- _Work item_
Reproduce each line of the following material exactly, omitting the images.
• • • • • • •
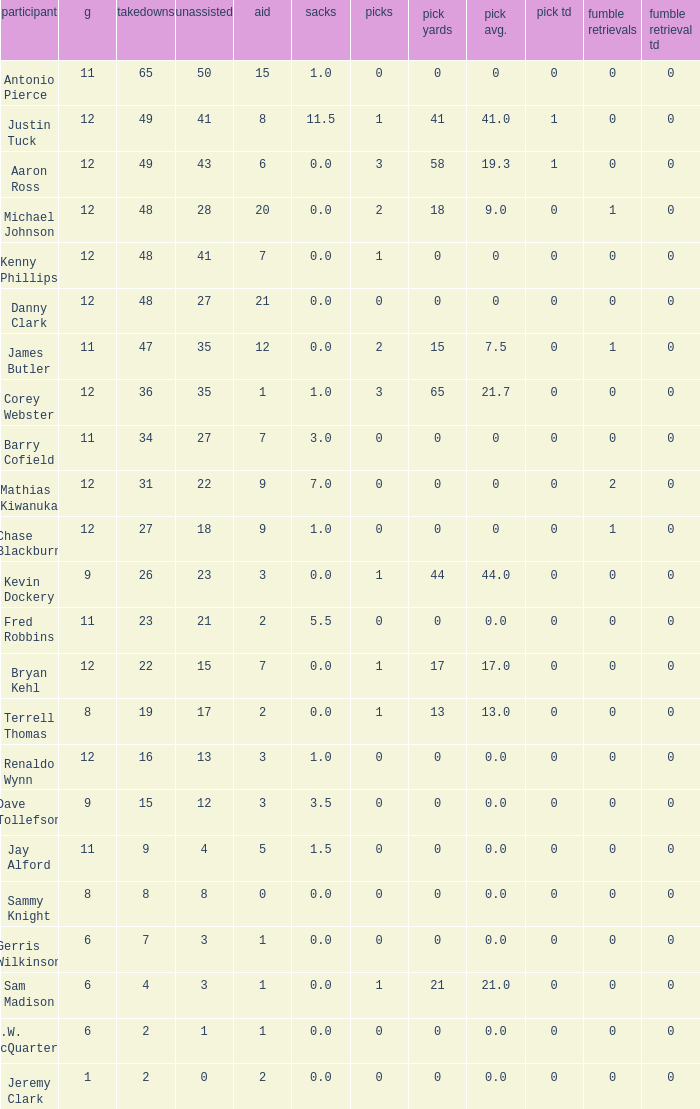Identify the smallest quantity of tackles for danny clark. 48.0. 
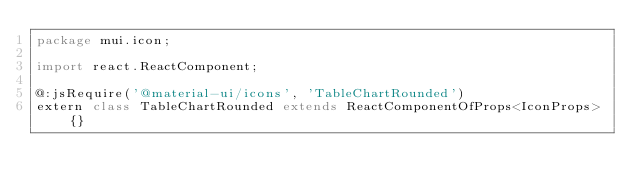Convert code to text. <code><loc_0><loc_0><loc_500><loc_500><_Haxe_>package mui.icon;

import react.ReactComponent;

@:jsRequire('@material-ui/icons', 'TableChartRounded')
extern class TableChartRounded extends ReactComponentOfProps<IconProps> {}
</code> 
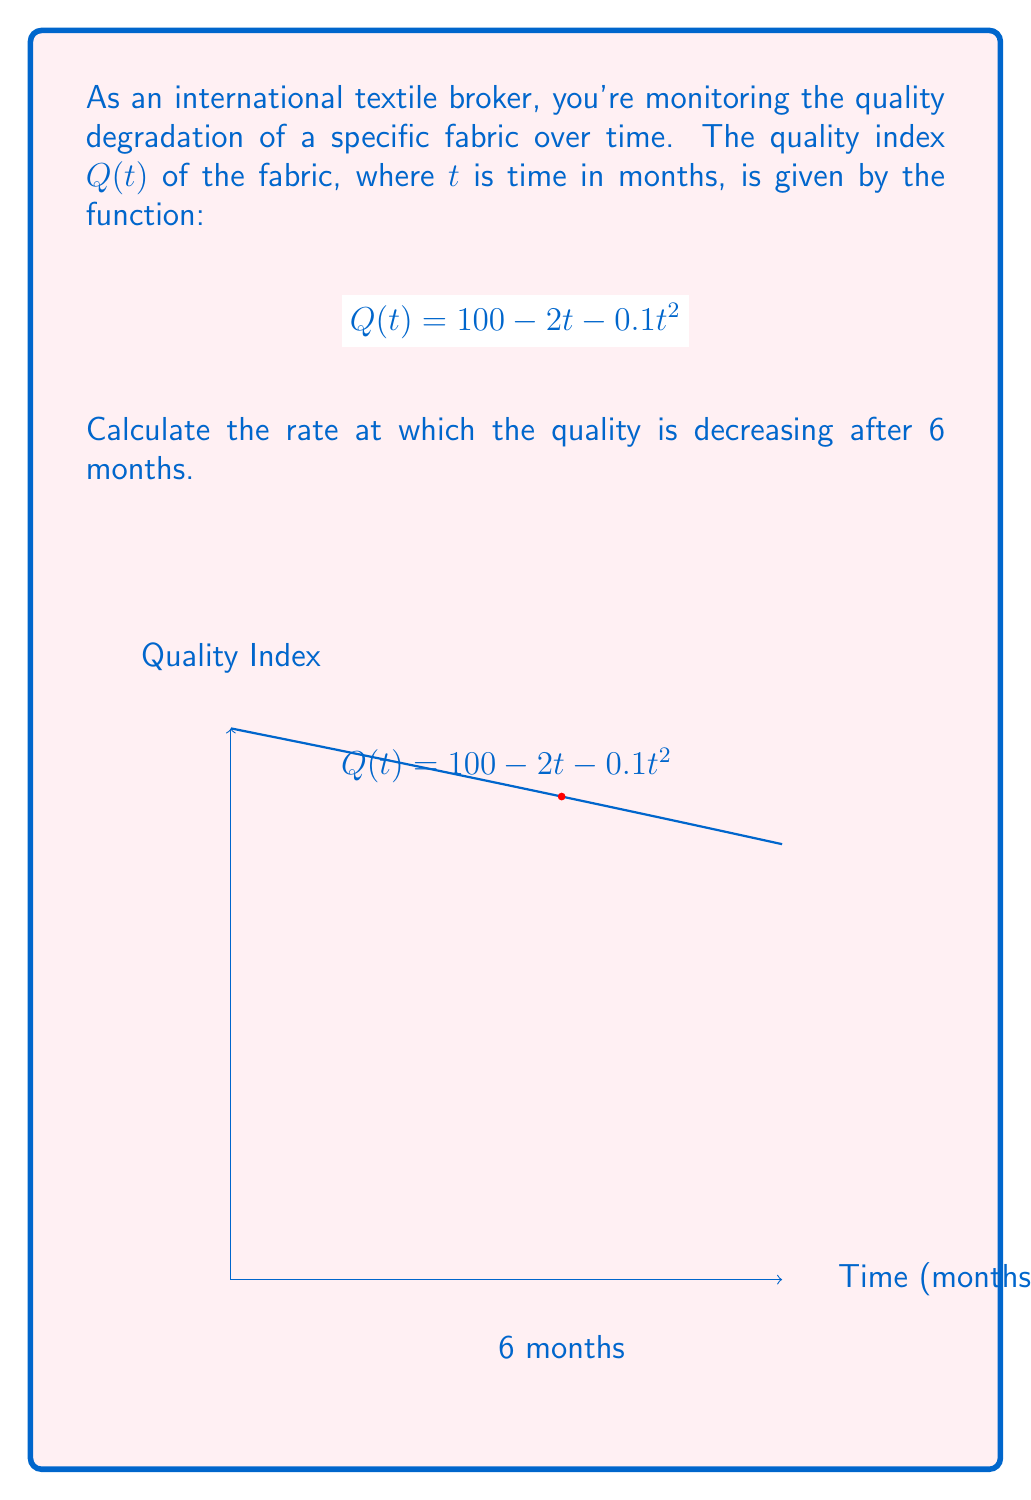Can you answer this question? To find the rate at which the quality is decreasing after 6 months, we need to calculate the derivative of $Q(t)$ and evaluate it at $t=6$. Here's the step-by-step process:

1) The given function is $Q(t) = 100 - 2t - 0.1t^2$

2) To find the rate of change, we need to differentiate $Q(t)$ with respect to $t$:
   $$\frac{dQ}{dt} = -2 - 0.2t$$

3) This derivative represents the instantaneous rate of change of quality with respect to time.

4) To find the rate of decrease after 6 months, we evaluate $\frac{dQ}{dt}$ at $t=6$:
   $$\frac{dQ}{dt}\bigg|_{t=6} = -2 - 0.2(6) = -2 - 1.2 = -3.2$$

5) The negative sign indicates that the quality is decreasing.

Therefore, after 6 months, the quality is decreasing at a rate of 3.2 units per month.
Answer: $-3.2$ units per month
• • • • • • •
- _Task output_
Identify the smallest quantity of tackles for danny clark. 48.0. 
Convert code to text. <code><loc_0><loc_0><loc_500><loc_500><_Haxe_>package mui.icon;

import react.ReactComponent;

@:jsRequire('@material-ui/icons', 'TableChartRounded')
extern class TableChartRounded extends ReactComponentOfProps<IconProps> {}
</code> 
Can you answer this question? To find the rate at which the quality is decreasing after 6 months, we need to calculate the derivative of $Q(t)$ and evaluate it at $t=6$. Here's the step-by-step process:

1) The given function is $Q(t) = 100 - 2t - 0.1t^2$

2) To find the rate of change, we need to differentiate $Q(t)$ with respect to $t$:
   $$\frac{dQ}{dt} = -2 - 0.2t$$

3) This derivative represents the instantaneous rate of change of quality with respect to time.

4) To find the rate of decrease after 6 months, we evaluate $\frac{dQ}{dt}$ at $t=6$:
   $$\frac{dQ}{dt}\bigg|_{t=6} = -2 - 0.2(6) = -2 - 1.2 = -3.2$$

5) The negative sign indicates that the quality is decreasing.

Therefore, after 6 months, the quality is decreasing at a rate of 3.2 units per month.
Answer: $-3.2$ units per month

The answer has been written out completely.